# Retirement Home & Clydesdale Horses..... ..



## Prairie dog (Apr 19, 2021)

Retirement Home & Clydesdale Horses.....​


----------



## RadishRose (Apr 19, 2021)

Prairie dog said:


> Retirement Home & Clydesdale Horses.....​


This is so cool! I love these horses and to see them greet the people was just amazing! 

Thanks for posting!


----------



## Pinky (Apr 19, 2021)

That visit must have made their day


----------



## Pecos (Apr 19, 2021)

That is really neat, I love it.


----------



## Geezerette (Apr 19, 2021)

That was so beautiful, joyous! I love the marvelous feel of a horse’s nose. Wouldn’t mind living in a retirement home that did that!

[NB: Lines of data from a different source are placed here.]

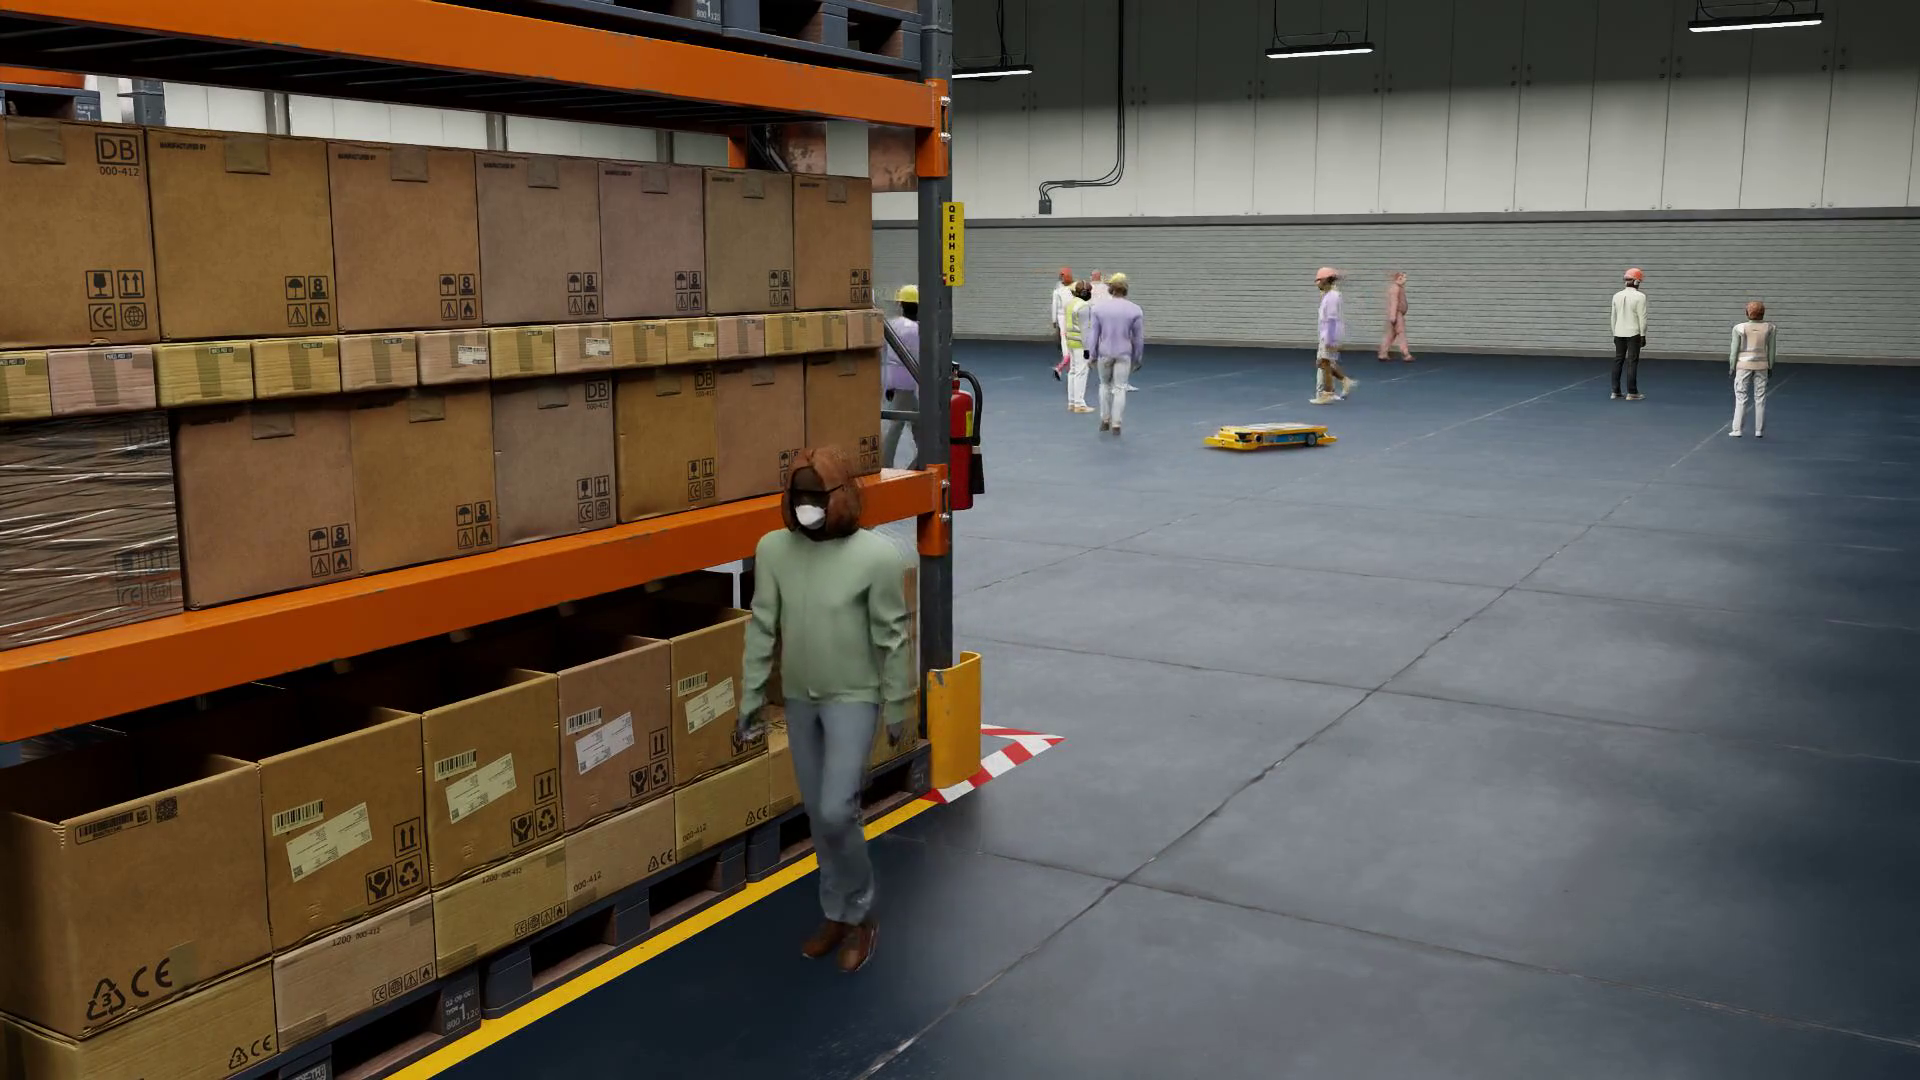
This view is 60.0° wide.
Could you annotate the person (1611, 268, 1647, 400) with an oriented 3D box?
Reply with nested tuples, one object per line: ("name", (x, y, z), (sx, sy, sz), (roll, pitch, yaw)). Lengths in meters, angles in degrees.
("person", (10.183, -3.130, 25.296), (0.376, 1.995, 0.611), (-5, 11, -29))

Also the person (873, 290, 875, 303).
("person", (-1.948, -4.409, 33.172), (0.614, 1.868, 0.427), (-5, 11, -29))

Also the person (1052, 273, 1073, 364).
("person", (2.171, -4.481, 33.705), (0.586, 1.835, 1.019), (0, 10, 0))

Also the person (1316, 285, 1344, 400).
("person", (5.616, -2.985, 25.178), (0.285, 1.746, 0.491), (-5, 11, -28))

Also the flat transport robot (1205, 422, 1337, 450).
("flat transport robot", (3.570, -1.203, 19.056), (1.431, 0.197, 0.652), (-6, 11, -31))

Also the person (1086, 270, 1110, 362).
("person", (2.775, -4.606, 34.239), (0.648, 1.891, 0.437), (0, 10, 2))

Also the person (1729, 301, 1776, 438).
("person", (9.507, -2.042, 19.969), (0.511, 1.640, 0.308), (2, 10, 10))

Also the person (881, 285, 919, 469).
("person", (-0.409, -1.529, 16.217), (0.903, 1.884, 0.607), (-4, 10, -20))

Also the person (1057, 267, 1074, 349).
("person", (2.474, -5.393, 38.751), (0.456, 1.920, 0.574), (0, 10, 2))

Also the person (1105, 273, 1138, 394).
("person", (2.579, -3.248, 26.238), (0.778, 1.901, 0.614), (-2, 10, -12))

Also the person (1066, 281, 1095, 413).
("person", (1.699, -2.695, 23.230), (0.428, 1.835, 0.627), (-2, 10, -14))

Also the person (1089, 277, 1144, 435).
("person", (1.931, -2.262, 20.455), (0.663, 1.905, 0.871), (1, 10, 9))

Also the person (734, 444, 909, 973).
("person", (-0.421, 0.515, 5.069), (0.501, 1.616, 0.447), (5, 11, 29))

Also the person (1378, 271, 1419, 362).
("person", (9.029, -4.587, 34.195), (0.823, 1.874, 0.667), (2, 10, 13))

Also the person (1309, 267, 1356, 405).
("person", (5.465, -2.977, 24.349), (0.618, 2.013, 0.635), (0, 10, 1))

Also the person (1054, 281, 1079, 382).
("person", (1.898, -3.465, 27.960), (0.468, 1.759, 0.535), (-5, 11, -25))

Thanks Prairie Dog for sharing it!
I just looked that place up on line  and it is in New South Wales, Australia!
Boo boo, I guess I won’t be going there for a tour...


----------



## Dana (Apr 19, 2021)

Beautiful story...love that. A few years ago there was a riding school for disabled children not far from where I live. Sometimes horse owners (including myself) would take ours for the kiddies to pat and fondle...how they loved it!


----------



## RobinWren (Apr 25, 2021)

What a wonderful video, not only to watch those gentle giants but to see the joy in the residents faces. Animals are the best.


----------